To generate two equal-sized input currents e and e ', for example, a current source with two outputs is seen before. In the exemplary embodiment, this consists of an operational amplifier 7 , the output of which is routed to the gate terminals of two MOS field-effect transistors 8 and 9 of the n-channel type. The sources of the transistors 8 and 9 are each connected via a resistor 10 or 11 to a negative supply potential 12 . The source circuit of one of the two transistors, namely the transistor 8 , is coupled to the inverting input of the operational amplifier 7 , the non-inverting input of which is connected via a reference voltage source 13 to the negative supply potential 12 . At the drain connections of the transistors 8 and 9 , the input currents e and e 'are thus available for the current mirror.

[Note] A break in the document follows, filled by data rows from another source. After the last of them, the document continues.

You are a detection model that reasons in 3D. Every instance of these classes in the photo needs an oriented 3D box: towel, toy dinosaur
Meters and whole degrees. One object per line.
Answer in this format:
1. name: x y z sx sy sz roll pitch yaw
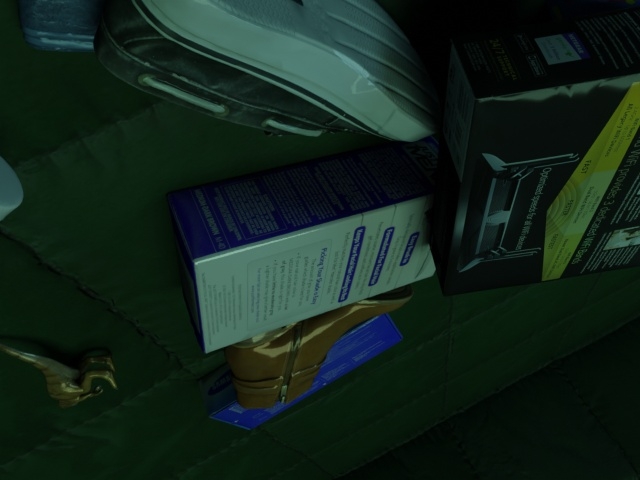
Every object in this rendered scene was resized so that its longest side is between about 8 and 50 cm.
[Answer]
1. towel: -0.160 -0.181 0.339 0.067 0.029 0.119 -7 142 -32
2. toy dinosaur: -0.328 0.179 0.676 0.112 0.064 0.211 -16 145 -18

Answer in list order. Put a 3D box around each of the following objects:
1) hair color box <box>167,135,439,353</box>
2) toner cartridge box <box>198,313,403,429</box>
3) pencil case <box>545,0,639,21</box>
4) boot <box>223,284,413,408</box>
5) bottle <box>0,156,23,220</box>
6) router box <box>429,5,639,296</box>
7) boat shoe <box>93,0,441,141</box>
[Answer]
1. hair color box: 0.000 0.000 0.645 0.339 0.110 0.185 -15 143 -20
2. toner cartridge box: -0.029 0.216 0.953 0.348 0.075 0.165 -31 146 2
3. pencil case: 0.257 -0.236 0.448 0.306 0.133 0.119 35 70 -42
4. boot: -0.004 0.153 0.796 0.283 0.109 0.220 -9 123 -21
5. bottle: -0.354 0.029 0.393 0.283 0.118 0.092 -34 147 9
6. router box: 0.242 -0.065 0.515 0.243 0.081 0.309 -8 145 2
7. boat shoe: -0.021 -0.147 0.440 0.119 0.121 0.335 -25 157 38

At a resistor 14 , which is preferably identical to the resistors 10 , 11 , a voltage proportional or identical to the reference voltage drops when it is traversed by the output current a. This makes it possible, for example, to generate a reference voltage at any point in an integrated circuit, regardless of the type of leads.

Claims (5)

1. current mirror in which a first input current (e) is conducted to the control connections of a first and second transistor ( 1 , 2 ) and to a connection of the load path of the first transistor ( 1 ),
in which a second input current (e ′) of the same size as the first input current (e) is fed to the control connections of a third, fourth and fifth transistor ( 3 , 4 , 5 ) and to a connection of the load path of the third transistor ( 3 ),
in which an output current proportional to the two input currents can be removed at one connection of the load path of the fifth transistor ( 5 ),
in which the other connections of the load paths of the third and fifth transistor ( 3 , 5 ) are each connected to the one connection of the load path of the fourth and second transistor ( 4 , 2 ) and
in which the other connections of the load paths of the first, second and fourth transistor ( 1 , 2 , 4 ) are connected to a common reference point. 2. Current mirror according to claim 1, characterized in that the first input current (e) over the load path of a sixth transistor ( 15 ), the control terminal of which is connected to the control terminals of third, fourth and fifth transistor ( 3 , 4 , 5 ), is guided to the control terminal of the second transistor Tran ( 2 ) and to a connection of the load path of the first transistor. 3. Current mirror according to claim 1 or 2, characterized in that finally field effect transistors are provided, the ratio of channel width to channel length for the fourth transistor ( 4 ) being equal to one third of the ratio of channel width to channel length for the third transistor ( 3 ). 4. Current mirror according to claim 3, characterized in that the first and second transistor ( 1 , 2 ) and third and fifth transistor ( 3 , 5 , 12 ) are constructed identically. 5. Current mirror according to claim 2 or 3, characterized in that the Ka nallength of the first, second and fourth transistor and of the third and fifth transistor ( 3 , 5 , 12 ) are each the same.